Exercise directions:
Every line from the top of the records through the line containing "msp = doc.modelspace()" should be retyped exactly; the pictures should not.

Items listed in a dataset:
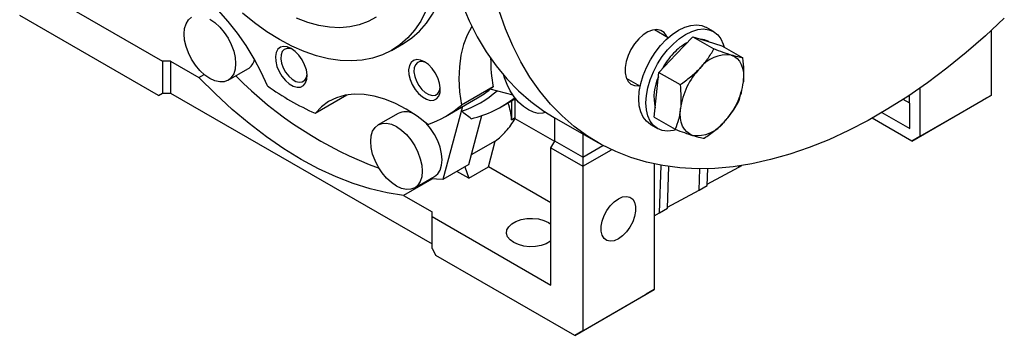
# Model space of a CAD drawing. Header units: millimetres. Extents: x 32 to 1366, y 32 to 1048.
# Tile 7 of 13: x 949 to 1125, y 802 to 859. Entities that reach past the tile are written whole.
import ezdxf

# ---------------------------------------------------------------- set-up
doc = ezdxf.new("R2010")
doc.units = ezdxf.units.MM
doc.header["$LTSCALE"] = 5

msp = doc.modelspace()

# ---------------------------------------------------------------- linework, layer by layer
for p, q in [((953.231, 863.694), (974.444, 851.448)), ((973.737, 845.323), (948.988, 859.611)), ((1064.653, 855.63), (1062.181, 857.057)), ((1072.756, 856.725), (1071.483, 857.46)), ((1066.02, 852.61), (1069.039, 855.793)), ((1069.039, 855.793), (1072.797, 853.623)), ((1069.039, 855.793), (1071.628, 854.989)), ((1122.229, 856.879), (1122.229, 845.324)), ((1015.302, 853.348), (1017.423, 854.573)), ((1071.628, 854.989), (1074.217, 854.185)), ((1071.92, 854.899), (1071.756, 854.993)), ((1074.217, 854.185), (1077.976, 852.016)), ((1063.002, 849.428), (1066.02, 852.61)), ((974.444, 851.448), (974.444, 845.732)), ((975.858, 851.448), (974.444, 851.448)), ((975.858, 851.448), (975.858, 845.732)), ((975.858, 851.448), (980.958, 848.503)), ((986.154, 848.023), (989.69, 850.064)), ((980.958, 848.503), (981.904, 849.049)), ((1057.181, 848.396), (1059.653, 846.969)), ((1062.573, 845.441), (1063.002, 849.428)), ((1063.002, 849.428), (1066.76, 847.258)), ((1033.418, 846.866), (1027.761, 843.601)), ((1036.982, 845.35), (1032.908, 846.442)), ((1109.501, 846.596), (1109.501, 837.976)), ((973.737, 845.323), (974.444, 845.732)), ((973.737, 845.323), (974.444, 845.732)), ((974.444, 845.732), (975.858, 845.732)), ((975.858, 845.732), (1022.527, 818.79)), ((1007.325, 845.389), (1001.668, 842.123)), ((1024.922, 841.582), (1030.65, 844.889)), ((1034.875, 843.286), (1037.425, 844.758)), ((1037.366, 841.357), (1037.366, 844.724)), ((1062.143, 841.455), (1062.573, 845.441)), ((1107.698, 843.97), (1107.698, 845.362)), ((1122.229, 845.324), (1109.501, 837.976)), ((1122.229, 845.324), (1120.815, 844.507)), ((1027.961, 843.336), (1024.472, 830.313)), ((1027.797, 842.504), (1028.032, 843.377)), ((1036.694, 844.336), (1036.694, 840.969)), ((1107.733, 843.949), (1106.573, 844.619)), ((1107.733, 839.405), (1107.733, 843.949)), ((1108.087, 837.159), (1120.815, 844.507)), ((1016.474, 842.108), (1012.938, 840.067)), ((1029.068, 832.966), (1031.411, 841.712)), ((1036.694, 840.969), (1037.366, 841.357)), ((1044.411, 837.101), (1037.363, 841.17)), ((1044.302, 841.398), (1052.081, 836.908)), ((1044.447, 837.165), (1044.447, 841.314)), ((1062.143, 841.455), (1065.902, 839.285)), ((1108.087, 837.159), (1101.004, 841.248)), ((1102.776, 842.266), (1107.733, 839.405)), ((1102.777, 842.267), (1107.733, 839.405)), ((1061.484, 840.139), (1062.757, 839.404)), ((1049.397, 838.457), (1049.397, 834.307)), ((1109.501, 837.976), (1108.087, 837.159)), ((1033.816, 837.178), (1029.534, 834.707)), ((1032.603, 832.568), (1033.816, 837.178)), ((1043.74, 835.94), (1044.447, 837.165)), ((1043.74, 835.94), (1049.397, 832.674)), ((1043.74, 811.444), (1043.74, 835.94)), ((1049.397, 834.307), (1044.447, 837.165)), ((1049.397, 834.307), (1053.008, 836.392)), ((1049.397, 832.674), (1054.519, 835.631)), ((1049.397, 834.307), (1049.397, 832.674)), ((1029.068, 832.966), (1024.472, 830.313)), ((1028.39, 832.575), (1029.068, 830.527)), ((1029.068, 830.527), (1032.603, 832.568)), ((1043.74, 826.139), (1032.603, 832.568)), ((1049.397, 832.674), (1049.397, 803.279)), ((1062.125, 833.077), (1062.125, 810.626)), ((1063.118, 824.337), (1063.38, 832.832)), ((1064.532, 825.154), (1064.762, 832.612)), ((1071.61, 829.463), (1077.26, 832.502)), ((1077.26, 832.502), (1077.785, 832.805)), ((1077.26, 832.502), (1077.267, 832.727)), ((1019.438, 828.808), (1022.973, 830.849)), ((1029.068, 830.527), (1026.955, 831.747)), ((1070.189, 828.42), (1070.306, 832.224)), ((1071.603, 829.236), (1071.696, 832.241)), ((1022.511, 830.385), (1017.427, 827.45)), ((1024.472, 830.313), (1022.207, 830.407)), ((1070.189, 828.42), (1071.603, 829.236)), ((1017.427, 827.45), (1022.527, 824.506)), ((1064.539, 825.381), (1070.189, 828.42)), ((1022.527, 823.69), (1022.527, 824.506)), ((1022.527, 817.974), (1022.527, 823.69)), ((1022.527, 823.69), (1043.74, 811.444)), ((1062.125, 823.803), (1063.118, 824.337)), ((1063.118, 824.337), (1064.532, 825.154)), ((1043.309, 822.624), (1043.74, 822.335)), ((1022.527, 817.974), (1023.234, 816.749)), ((1047.983, 802.462), (1023.234, 816.749)), ((1047.983, 802.462), (1060.711, 809.81)), ((1049.397, 803.279), (1062.125, 810.626)), ((1062.125, 810.626), (1060.711, 809.81)), ((1049.397, 803.279), (1047.983, 802.462))]:
    msp.add_line(p, q)
at = {"flags": 128}
for points in [[(1023.588, 887.182), (1023.676, 883.163), (1023.939, 879.255), (1024.377, 875.468), (1024.99, 871.812), (1025.774, 868.296), (1026.729, 864.928), (1027.852, 861.717), (1029.14, 858.67), (1030.59, 855.796), (1032.199, 853.102), (1033.962, 850.594), (1035.874, 848.278), (1037.933, 846.16), (1040.131, 844.246), (1042.464, 842.54), (1044.302, 841.398)], [(1017.423, 854.573), (1017.425, 854.574), (1018.932, 855.587), (1020.307, 856.807), (1021.541, 858.227), (1022.626, 859.838), (1023.556, 861.631), (1024.325, 863.593), (1024.927, 865.713), (1025.361, 867.978), (1025.528, 869.304)], [(993.181, 847.023), (992.057, 849.48), (990.781, 851.884), (989.366, 854.212), (987.826, 856.439), (986.177, 858.543), (984.436, 860.503), (982.621, 862.297), (980.749, 863.909), (978.841, 865.322), (976.915, 866.521), (974.991, 867.494), (973.09, 868.232)], [(982.904, 858.959), (983.801, 858.34), (984.663, 857.54), (985.458, 856.591), (986.154, 855.529), (986.726, 854.394), (987.151, 853.232), (987.412, 852.085), (987.5, 850.999), (987.412, 850.014), (987.151, 849.169), (986.726, 848.497), (986.154, 848.023), (985.458, 847.765), (984.663, 847.733), (983.801, 847.929), (982.904, 848.344), (982.008, 848.964), (981.145, 849.764), (980.351, 850.713), (979.654, 851.775), (979.083, 852.909), (978.658, 854.072), (978.396, 855.219), (978.308, 856.305), (978.396, 857.29), (978.658, 858.134), (979.083, 858.807), (979.654, 859.281)], [(1021.435, 860.406), (1020.505, 858.614), (1019.42, 857.003), (1018.186, 855.583), (1016.811, 854.362), (1015.303, 853.349), (1013.673, 852.55), (1011.928, 851.969), (1010.082, 851.61), (1008.144, 851.476), (1006.127, 851.566), (1004.044, 851.882), (1001.906, 852.419), (999.728, 853.176), (997.523, 854.148), (995.303, 855.329), (993.084, 856.71), (990.879, 858.285), (988.701, 860.043)], [(1012.585, 859.306), (1011.129, 858.5), (1009.555, 857.913), (1007.875, 857.549), (1006.103, 857.41), (1004.251, 857.497), (1002.332, 857.811), (1000.361, 858.347), (998.353, 859.103)], [(1124.597, 859.111), (1121.228, 855.966), (1117.811, 852.989), (1114.355, 850.187), (1110.869, 847.568), (1107.361, 845.137), (1103.839, 842.901), (1100.314, 840.866), (1096.792, 839.036), (1093.284, 837.416), (1089.798, 836.01), (1086.342, 834.822), (1082.925, 833.854), (1079.556, 833.11), (1076.243, 832.589), (1072.994, 832.295), (1069.818, 832.228), (1066.721, 832.388), (1063.713, 832.774), (1060.8, 833.386), (1057.989, 834.222), (1055.288, 835.279), (1052.704, 836.557), (1050.242, 838.05), (1047.909, 839.756), (1045.711, 841.67), (1043.653, 843.788), (1041.74, 846.103), (1039.977, 848.612), (1038.368, 851.306), (1036.918, 854.18), (1035.63, 857.226), (1034.507, 860.438)], [(1029.62, 857.664), (1029.609, 857.647), (1028.782, 856.114), (1028.136, 854.391), (1027.675, 852.495), (1027.406, 850.447), (1027.33, 848.267), (1027.449, 845.977), (1027.761, 843.601)], [(1064.472, 855.734), (1064.356, 855.989), (1063.923, 856.57), (1063.344, 856.942), (1062.648, 857.085), (1061.867, 856.993), (1061.037, 856.671), (1060.197, 856.134), (1059.387, 855.406), (1058.644, 854.523), (1058.003, 853.524), (1057.494, 852.457), (1057.141, 851.372), (1056.96, 850.319), (1056.96, 849.348), (1057.141, 848.504), (1057.494, 847.826), (1058.003, 847.347), (1058.644, 847.088), (1059.387, 847.062), (1059.472, 847.074)], [(1061.484, 840.139), (1061.483, 840.139), (1060.763, 840.698), (1060.183, 841.456), (1059.758, 842.394), (1059.499, 843.491), (1059.412, 844.718), (1059.499, 846.045), (1059.758, 847.441), (1060.183, 848.87), (1060.763, 850.297), (1061.483, 851.687), (1062.327, 853.006), (1063.273, 854.222), (1064.298, 855.304), (1065.377, 856.226), (1066.483, 856.965), (1067.59, 857.503), (1068.668, 857.827), (1069.694, 857.928), (1070.64, 857.805), (1071.483, 857.46)], [(1066.049, 839.155), (1065.571, 839.038), (1064.546, 838.936), (1063.6, 839.06), (1062.756, 839.405), (1062.036, 839.963), (1061.456, 840.721), (1061.031, 841.659), (1060.772, 842.756), (1060.685, 843.983), (1060.772, 845.31), (1061.031, 846.706), (1061.456, 848.135), (1062.036, 849.562), (1062.756, 850.952), (1063.6, 852.272), (1064.546, 853.487), (1065.571, 854.569), (1066.65, 855.491), (1067.756, 856.23), (1068.862, 856.768), (1069.941, 857.092), (1070.966, 857.194), (1071.912, 857.07), (1072.756, 856.725), (1073.477, 856.167), (1074.057, 855.409), (1074.481, 854.47), (1074.63, 853.947)], [(997.425, 853.695), (996.721, 853.999), (996.062, 854.078), (995.489, 853.928), (995.037, 853.558), (994.735, 852.991), (994.602, 852.264), (994.646, 851.421), (994.865, 850.516), (995.245, 849.605), (995.762, 848.747), (996.383, 847.993), (997.07, 847.393), (997.779, 846.984), (998.466, 846.791), (999.087, 846.827), (999.604, 847.089), (999.984, 847.561), (1000.203, 848.213), (1000.248, 849.005), (1000.115, 849.886), (999.813, 850.801), (999.361, 851.692), (998.787, 852.505), (998.128, 853.187), (997.425, 853.695)], [(997.675, 853.538), (997.269, 853.685), (996.682, 853.729), (996.186, 853.549), (995.816, 853.158), (995.602, 852.586), (995.558, 851.874), (995.689, 851.075), (995.983, 850.249), (996.42, 849.456), (996.967, 848.757), (997.583, 848.202), (998.223, 847.832), (998.839, 847.676), (999.386, 847.744), (999.823, 848.032), (1000.117, 848.518), (1000.242, 849.092)], [(1021.175, 851.345), (1020.471, 851.648), (1019.812, 851.727), (1019.239, 851.577), (1018.787, 851.207), (1018.485, 850.641), (1018.352, 849.913), (1018.396, 849.071), (1018.615, 848.165), (1018.995, 847.255), (1019.512, 846.396), (1020.133, 845.643), (1020.82, 845.043), (1021.529, 844.634), (1022.216, 844.441), (1022.837, 844.477), (1023.354, 844.739), (1023.734, 845.211), (1023.953, 845.863), (1023.998, 846.654), (1023.865, 847.535), (1023.563, 848.45), (1023.111, 849.342), (1022.537, 850.154), (1021.878, 850.836), (1021.175, 851.345)], [(1075.892, 852.528), (1076.448, 852.285), (1076.935, 851.923), (1077.346, 851.449), (1077.672, 850.871), (1077.91, 850.199), (1078.053, 849.443), (1078.101, 848.618), (1078.052, 847.737)], [(1021.425, 851.187), (1021.019, 851.334), (1020.432, 851.378), (1019.936, 851.199), (1019.566, 850.808), (1019.352, 850.235), (1019.308, 849.523), (1019.439, 848.724), (1019.733, 847.898), (1020.17, 847.106), (1020.717, 846.406), (1021.333, 845.851), (1021.973, 845.482), (1022.589, 845.325), (1023.136, 845.394), (1023.573, 845.682), (1023.867, 846.168), (1023.992, 846.741)], [(1017.427, 827.45), (1014.503, 827.901), (1011.516, 828.607), (1008.48, 829.563), (1005.405, 830.766), (1002.305, 832.212), (999.192, 833.894), (996.08, 835.806), (992.98, 837.939), (989.905, 840.286), (986.869, 842.835), (983.882, 845.578), (980.958, 848.503)], [(1042.808, 842.314), (1042.276, 842.141), (1041.482, 842.11), (1040.62, 842.305), (1039.723, 842.721), (1038.826, 843.341), (1037.964, 844.141), (1037.169, 845.09), (1036.473, 846.152), (1035.901, 847.286), (1035.477, 848.449), (1035.365, 848.859)], [(1021.76, 840.135), (1019.858, 841.593), (1017.934, 842.841), (1016.009, 843.866), (1014.1, 844.656), (1012.229, 845.205), (1010.413, 845.506), (1008.672, 845.557), (1007.024, 845.357), (1005.484, 844.907), (1004.069, 844.214), (1002.792, 843.282), (1001.668, 842.123)], [(1068.997, 838.189), (1068.441, 838.432), (1067.953, 838.794), (1067.543, 839.268), (1067.216, 839.846), (1066.979, 840.518), (1066.835, 841.274), (1066.787, 842.099), (1066.836, 842.98)], [(1016.188, 839.745), (1017.084, 839.126), (1017.947, 838.326), (1018.741, 837.377), (1019.438, 836.315), (1020.009, 835.18), (1020.434, 834.017), (1020.696, 832.871), (1020.784, 831.784), (1020.696, 830.8), (1020.434, 829.955), (1020.009, 829.283), (1019.438, 828.809), (1018.741, 828.551), (1017.947, 828.519), (1017.084, 828.715), (1016.188, 829.13), (1015.291, 829.75), (1014.429, 830.55), (1013.634, 831.499), (1012.938, 832.561), (1012.366, 833.695), (1011.941, 834.858), (1011.68, 836.005), (1011.592, 837.091), (1011.68, 838.076), (1011.941, 838.92), (1012.366, 839.593), (1012.938, 840.067), (1013.634, 840.325), (1014.429, 840.357), (1015.291, 840.161), (1016.188, 839.745)], [(1022.973, 830.849), (1022.973, 830.85), (1023.545, 831.324), (1023.97, 831.996), (1024.231, 832.841), (1024.32, 833.825), (1024.231, 834.912), (1023.97, 836.058), (1023.545, 837.221), (1022.973, 838.356), (1022.277, 839.418), (1021.501, 840.347)], [(1055.761, 819.699), (1055.018, 819.374), (1054.318, 819.277), (1053.703, 819.412), (1053.206, 819.772), (1052.859, 820.337), (1052.679, 821.072), (1052.679, 821.936), (1052.859, 822.879), (1053.206, 823.845), (1053.703, 824.778), (1054.318, 825.625), (1055.018, 826.335), (1055.761, 826.868), (1056.504, 827.193), (1057.204, 827.29), (1057.819, 827.155), (1058.316, 826.794), (1058.663, 826.23), (1058.843, 825.494), (1058.843, 824.63), (1058.663, 823.688), (1058.316, 822.722), (1057.819, 821.789), (1057.204, 820.942), (1056.504, 820.232), (1055.761, 819.699)], [(1043.74, 819.33), (1043.66, 819.269), (1042.912, 818.837), (1042.006, 818.521), (1040.996, 818.339), (1039.94, 818.303), (1038.899, 818.413), (1037.934, 818.663), (1037.1, 819.04), (1036.448, 819.521), (1036.013, 820.078), (1035.823, 820.679), (1035.887, 821.289), (1036.201, 821.872), (1036.749, 822.395), (1037.497, 822.827), (1038.403, 823.143), (1039.413, 823.325), (1040.47, 823.362), (1041.511, 823.252), (1042.476, 823.001), (1043.309, 822.624), (1043.309, 822.624)]]:
    msp.add_lwpolyline(points, dxfattribs=at)
for centre, radius, start, end in [((1070.329, 852.454), 2.913, 60.66348, 88.28714), ((1072.402, 846.611), 9.236, 118.00987, 137.46338), ((988.315, 852.292), 2.618, 301.6749, 347.50217), ((1061.859, 851.843), 28.873, 179.82492, 189.92446), ((1075.361, 843.686), 13.395, 136.80336, 151.84527), ((1075.117, 846.556), 6.022, 82.60578, 143.36751), ((1079.638, 841.237), 12.92, 136.38609, 172.24725), ((1037.221, 897.676), 69.678, 224.5184, 249.73337), ((1070.806, 845.005), 8.693, 155.13885, 192.57066), ((1023.192, 889.208), 51.77, 234.57138, 245.43399), ((1021.421, 860.868), 18.453, 300.00866, 308.55554), ((1021.09, 861.162), 18.877, 308.75617, 310.77225), ((1065.25, 849.48), 12.92, 316.38609, 352.24725), ((1021.746, 860.312), 18.809, 288.76739, 311.24336), ((1024.991, 860.394), 19.756, 283.28621, 308.49726), ((1015.692, 857.572), 18.463, 289.1875, 310.82325), ((1028.112, 840.781), 8.584, 1.25734, 21.88662), ((1017.78, 839.342), 3.059, 63.10025, 115.27577), ((1031.4, 841.356), 5.966, 358.20935, 0.00807), ((1069.772, 844.162), 6.022, 262.60578, 323.36751)]:
    msp.add_arc(centre, radius, start, end)
for points, knots in [([(1070.284, 850.149), (1070.54, 850.418), (1070.786, 850.697), (1071.252, 851.265), (1071.472, 851.553), (1072.094, 852.426), (1072.462, 853.02), (1072.797, 853.623)], [0, 0, 0, 0, 0.25, 0.25, 0.5, 0.5, 1, 1, 1, 1]), ([(1075.892, 852.528), (1075.672, 852.596), (1075.44, 852.671), (1074.957, 852.834), (1074.706, 852.921), (1073.927, 853.198), (1073.374, 853.403), (1072.797, 853.623)], [0, 0, 0, 0, 0.25, 0.25, 0.5, 0.5, 1, 1, 1, 1]), ([(1077.976, 852.016), (1077.707, 852.058), (1077.407, 852.117), (1076.721, 852.283), (1076.333, 852.391), (1075.892, 852.528)], [0, 0, 0, 0, 0.5, 0.5, 1, 1, 1, 1]), ([(1078.052, 847.737), (1078.088, 848.076), (1078.113, 848.422), (1078.139, 849.121), (1078.141, 849.475), (1078.116, 850.547), (1078.06, 851.276), (1077.976, 852.016)], [0, 0, 0, 0, 0.25, 0.25, 0.5, 0.5, 1, 1, 1, 1]), ([(1066.76, 847.258), (1067.406, 847.688), (1068.036, 848.143), (1069.219, 849.103), (1069.773, 849.61), (1070.284, 850.149)], [0, 0, 0, 0, 0.5, 0.5, 1, 1, 1, 1]), ([(1066.76, 847.258), (1066.844, 846.517), (1066.901, 845.786), (1066.934, 844.357), (1066.91, 843.659), (1066.836, 842.98)], [0, 0, 0, 0, 0.5, 0.5, 1, 1, 1, 1]), ([(1077.118, 844.043), (1077.342, 844.606), (1077.54, 845.189), (1077.859, 846.415), (1077.979, 847.058), (1078.052, 847.737)], [0, 0, 0, 0, 0.5, 0.5, 1, 1, 1, 1]), ([(1066.836, 842.98), (1066.8, 842.641), (1066.752, 842.308), (1066.633, 841.663), (1066.563, 841.349), (1066.324, 840.429), (1066.126, 839.847), (1065.902, 839.285)], [0, 0, 0, 0, 0.25, 0.25, 0.5, 0.5, 1, 1, 1, 1]), ([(1074.604, 840.568), (1074.86, 840.838), (1075.106, 841.116), (1075.572, 841.684), (1075.792, 841.972), (1076.414, 842.845), (1076.782, 843.44), (1077.118, 844.043)], [0, 0, 0, 0, 0.25, 0.25, 0.5, 0.5, 1, 1, 1, 1]), ([(1033.816, 837.178), (1034.464, 837.655), (1035.114, 838.251), (1036.325, 839.614), (1036.884, 840.378), (1037.363, 841.17)], [0, 0, 0, 0, 0.5, 0.5, 1, 1, 1, 1]), ([(1071.081, 837.677), (1071.726, 838.107), (1072.357, 838.562), (1073.539, 839.522), (1074.093, 840.029), (1074.604, 840.568)], [0, 0, 0, 0, 0.5, 0.5, 1, 1, 1, 1]), ([(1065.902, 839.285), (1066.48, 839.064), (1067.034, 838.859), (1068.072, 838.489), (1068.555, 838.326), (1068.997, 838.189)], [0, 0, 0, 0, 0.5, 0.5, 1, 1, 1, 1]), ([(1068.997, 838.189), (1069.216, 838.121), (1069.425, 838.059), (1069.816, 837.951), (1069.998, 837.903), (1070.513, 837.778), (1070.812, 837.72), (1071.081, 837.677)], [0, 0, 0, 0, 0.25, 0.25, 0.5, 0.5, 1, 1, 1, 1])]:
    msp.add_open_spline(points, degree=3, knots=knots)
msp.add_open_spline([(1029.531, 841.166), (1028.934, 841.589), (1028.354, 842.033), (1027.797, 842.504)], degree=3)

doc.saveas('drawing.dxf')

Response for this exercise:
# Model space of a CAD drawing. Header units: millimetres. Extents: x 32 to 1366, y 32 to 1048.
# Tile 7 of 13: x 949 to 1125, y 802 to 859. Entities that reach past the tile are written whole.
import ezdxf

# ---------------------------------------------------------------- set-up
doc = ezdxf.new("R2010")
doc.units = ezdxf.units.MM
doc.header["$LTSCALE"] = 5

msp = doc.modelspace()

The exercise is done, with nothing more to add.